Recently I read a vintage novel that startled me into reexamining the modern American image of motherhood. Angela Thirkell published “High Rising,” a frothy comedy set in an English country village, in 1933. The protagonist is presented as a loving mother. She also finds her youngest son so annoying she considers him “hateful.”

He is obsessed with toy trains and talks about them incessantly—“nothing except sleep appeared to check his valueless conversation.” He’s adorable after bedtime, but during the day she avoids him and breathes a sigh of relief each time he heads back to boarding school. She even started his boarding-school career at an earlier age than his elder brothers’ in hopes the derision of peers would cure his determination to monologue.

The book’s light tone makes the humor so different from what we would find today. We laugh about motherhood too, but we toss around the phrase “bad mom” with the self-conscious bravado of gallows humor.

In contrast, it never occurs to Thirkell’s heroine to feel guilty. She doesn’t seem familiar with the assumption that mothers should feel deeply responsible for their children’s personalities, happiness, and success. She has no drive to prove that she is a “good mom.” The author treats motherhood as if it were no different, no more fraught with social weight, than any of the other human relationships also used as fodder for humor within her book.

This contrast begs the question: why are modern American mothers assumed to be wallowing in guilt over their inadequacies? Why has motherhood joined death and religion as something that can only be joked about carefully? There are multiple answers, but one goes much deeper than other people’s pictures on Instagram. It has to do with the fear of suffering.

We take it for granted nowadays that the pursuit of happiness is a moral duty, but we define happiness differently than did the founding fathers, who classed it alongside life and liberty. These days we think it is freedom from anything we don’t want. It is the avoidance of suffering. It is the nebulous modern virtue we call “safety.” And of course we extend our desires for happiness to our children. What mom wouldn’t?

A few weeks ago I felt the pressure myself. I hadn’t slept enough that week, and I began to question my children’s future. I’ve brought them into a world that seems uglier by the day.

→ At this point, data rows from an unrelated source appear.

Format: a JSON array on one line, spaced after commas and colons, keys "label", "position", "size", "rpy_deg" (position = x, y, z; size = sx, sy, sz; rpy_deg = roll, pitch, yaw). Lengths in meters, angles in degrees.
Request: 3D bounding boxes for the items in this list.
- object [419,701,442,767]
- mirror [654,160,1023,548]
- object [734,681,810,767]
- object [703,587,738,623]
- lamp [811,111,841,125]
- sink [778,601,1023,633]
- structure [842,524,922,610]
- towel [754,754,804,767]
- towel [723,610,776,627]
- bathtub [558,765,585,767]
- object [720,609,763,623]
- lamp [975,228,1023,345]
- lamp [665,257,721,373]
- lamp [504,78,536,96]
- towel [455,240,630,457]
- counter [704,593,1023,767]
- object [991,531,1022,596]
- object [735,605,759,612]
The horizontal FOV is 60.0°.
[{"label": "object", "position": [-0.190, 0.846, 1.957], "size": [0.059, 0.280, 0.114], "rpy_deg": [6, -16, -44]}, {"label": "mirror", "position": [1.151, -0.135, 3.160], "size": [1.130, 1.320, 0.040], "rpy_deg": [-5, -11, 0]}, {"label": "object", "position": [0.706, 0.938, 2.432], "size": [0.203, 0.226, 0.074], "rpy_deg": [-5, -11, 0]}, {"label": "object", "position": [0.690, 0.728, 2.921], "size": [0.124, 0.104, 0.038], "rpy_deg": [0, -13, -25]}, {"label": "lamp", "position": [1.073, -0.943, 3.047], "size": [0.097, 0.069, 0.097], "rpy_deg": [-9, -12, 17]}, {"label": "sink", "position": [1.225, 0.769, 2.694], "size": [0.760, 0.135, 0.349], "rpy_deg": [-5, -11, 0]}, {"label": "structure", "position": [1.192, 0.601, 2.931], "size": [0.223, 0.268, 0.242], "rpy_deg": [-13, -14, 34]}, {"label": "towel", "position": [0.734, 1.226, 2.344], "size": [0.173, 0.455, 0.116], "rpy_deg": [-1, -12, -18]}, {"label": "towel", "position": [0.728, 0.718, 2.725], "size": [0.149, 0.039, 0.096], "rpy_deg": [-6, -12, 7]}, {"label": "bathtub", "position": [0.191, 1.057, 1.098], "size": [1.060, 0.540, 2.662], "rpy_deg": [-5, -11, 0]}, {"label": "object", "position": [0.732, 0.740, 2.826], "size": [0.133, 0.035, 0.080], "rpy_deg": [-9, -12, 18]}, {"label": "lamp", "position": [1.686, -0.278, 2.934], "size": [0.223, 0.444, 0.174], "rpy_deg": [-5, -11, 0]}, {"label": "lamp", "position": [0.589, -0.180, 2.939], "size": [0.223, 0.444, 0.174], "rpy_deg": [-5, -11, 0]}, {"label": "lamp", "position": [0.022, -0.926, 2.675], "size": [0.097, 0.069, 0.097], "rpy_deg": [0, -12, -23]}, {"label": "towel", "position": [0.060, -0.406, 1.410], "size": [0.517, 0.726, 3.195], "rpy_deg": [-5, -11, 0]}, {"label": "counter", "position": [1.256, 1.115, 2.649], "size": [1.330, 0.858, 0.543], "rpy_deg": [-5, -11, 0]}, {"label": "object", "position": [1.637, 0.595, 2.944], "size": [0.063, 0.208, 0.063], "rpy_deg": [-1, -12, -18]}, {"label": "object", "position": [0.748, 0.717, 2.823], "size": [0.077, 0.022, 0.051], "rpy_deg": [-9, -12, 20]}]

A man threw a random kid off a balcony at the Mall of America because he wanted to kill someone. Twitter has turned the masses into barbarians. Pornography bedecks billboards everywhere. People go into schools with guns and shoot their peers. Global religious persecution is on the rise, and Christians are the most persecuted group in the world. What right have I to give birth to these beautiful, beloved, precious children if I cannot keep them safe?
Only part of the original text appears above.